Paul McBeth (shown here at last year's Vibram Open) won the first National Tour event of the season this past weekend at The Memorial Championship.

Using a steady weekend with three rounds in the 40s, Paul McBeth won The Memorial Championship for the second straight year, winning the title by three strokes over Innova teammate Will Schusterick.

The tournament ran in Scottsdale, Ariz., from Feb. 29 – March 3 and served as the first event of the National Tour Elite Series.

McBeth, who earned $3,500 for his victory, finished 44-under-par with a four-day 188. He had rounds of 45, 44, 53 and 46.

One of his rounds — the first — was an 1107-rated round, one of four rounds at the tournament that had a rating of more than 1100.

Schusterick had one of the others — shooting a 43 in the final round for an 1103 round. He finished the tournament with rounds of 49, 45, 54 and 43 for a 41-under-par 191. Schusterick earned $2,500 for second place.

Dave Feldberg, who placed third with a 39-under 193, had the other two top-rated rounds.

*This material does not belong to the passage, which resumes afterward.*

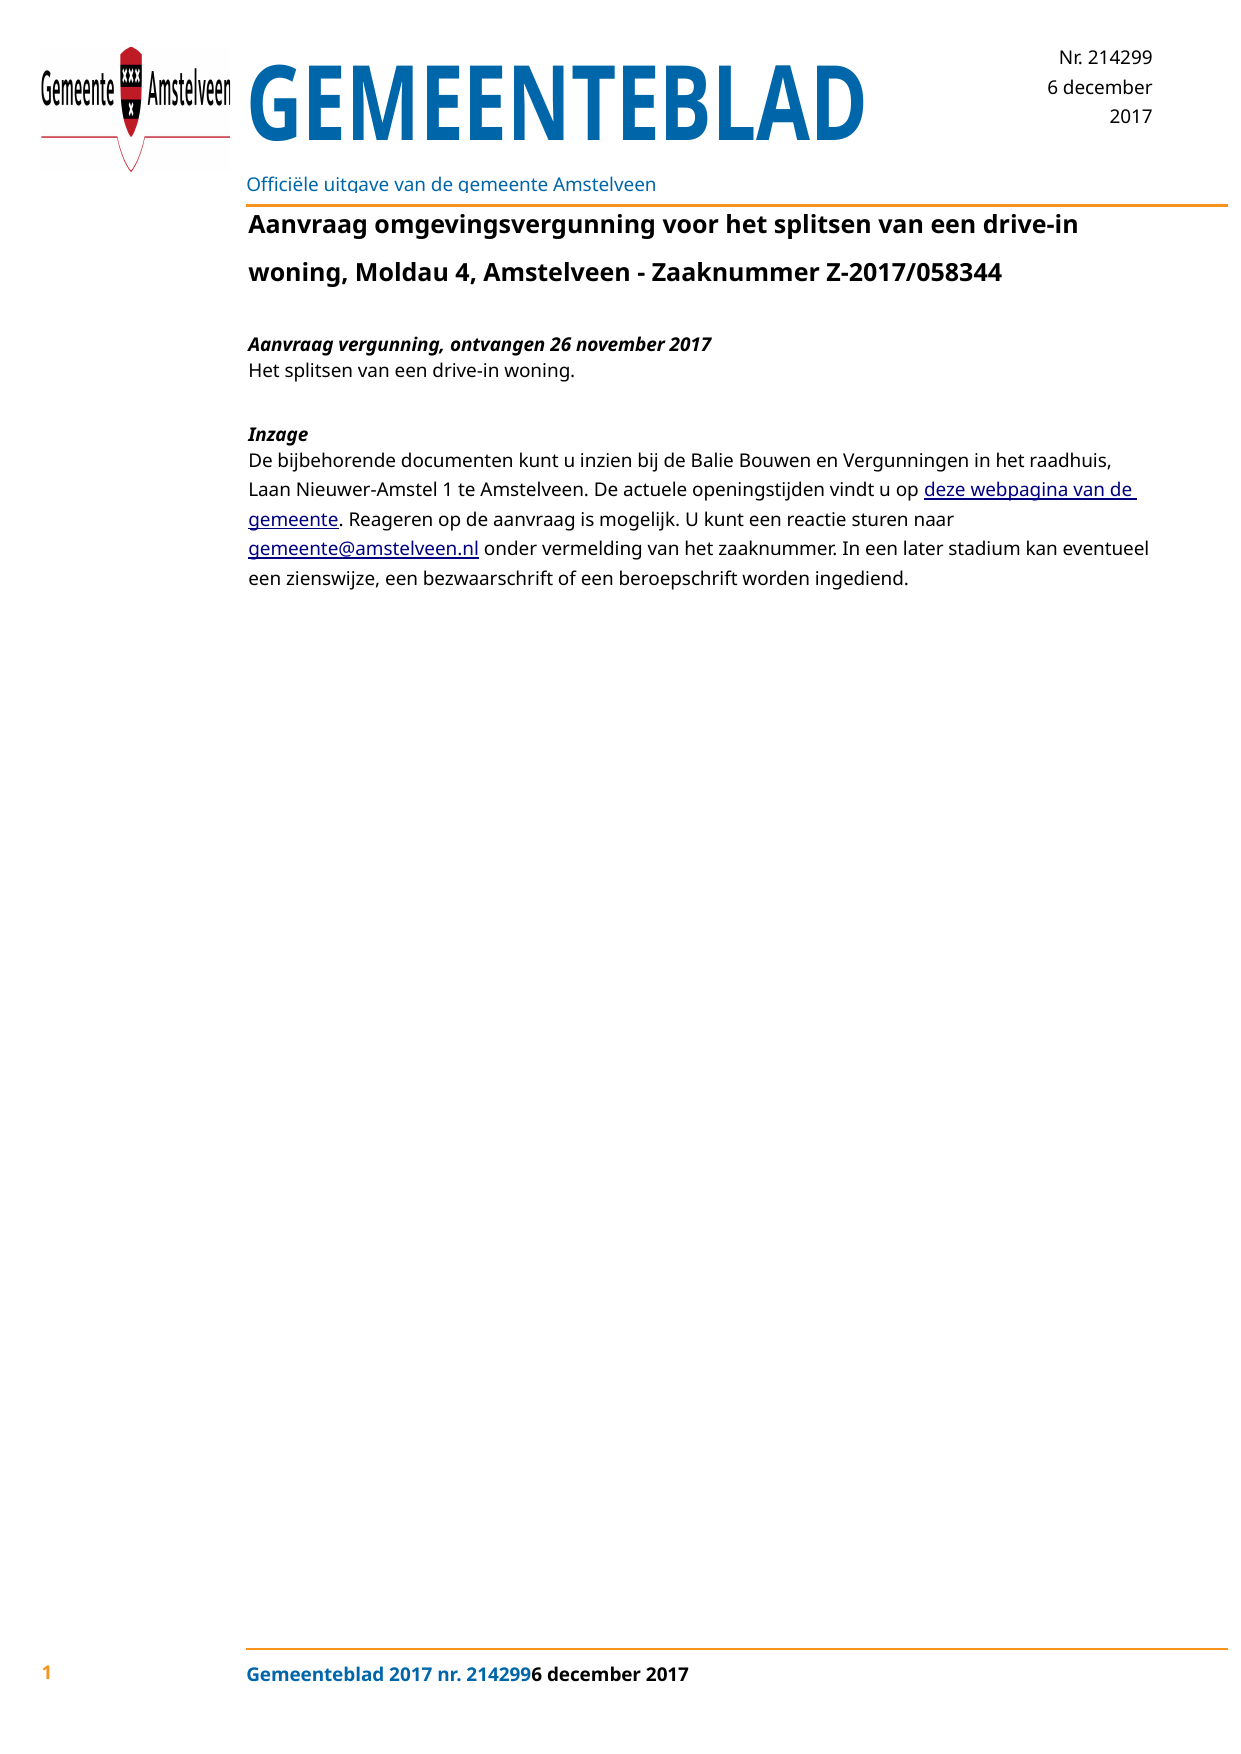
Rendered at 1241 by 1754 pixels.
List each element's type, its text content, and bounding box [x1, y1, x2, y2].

He shot a 44 in the opening round for an 1115 round and had a 42 in the final round, for a 1112. In the second round, he shot a 48, but a 59 in the third round appears to have doomed him. He still left with a $2,000 check for third place.

Avery Jenkins and Steven Rico tied for fourth place, each winning $1,550 for finishing at 31 under. They each had a 201. Jenkins’ top round of the tournament with a final-round 48. Rico shot a 47 in the second round as his top score.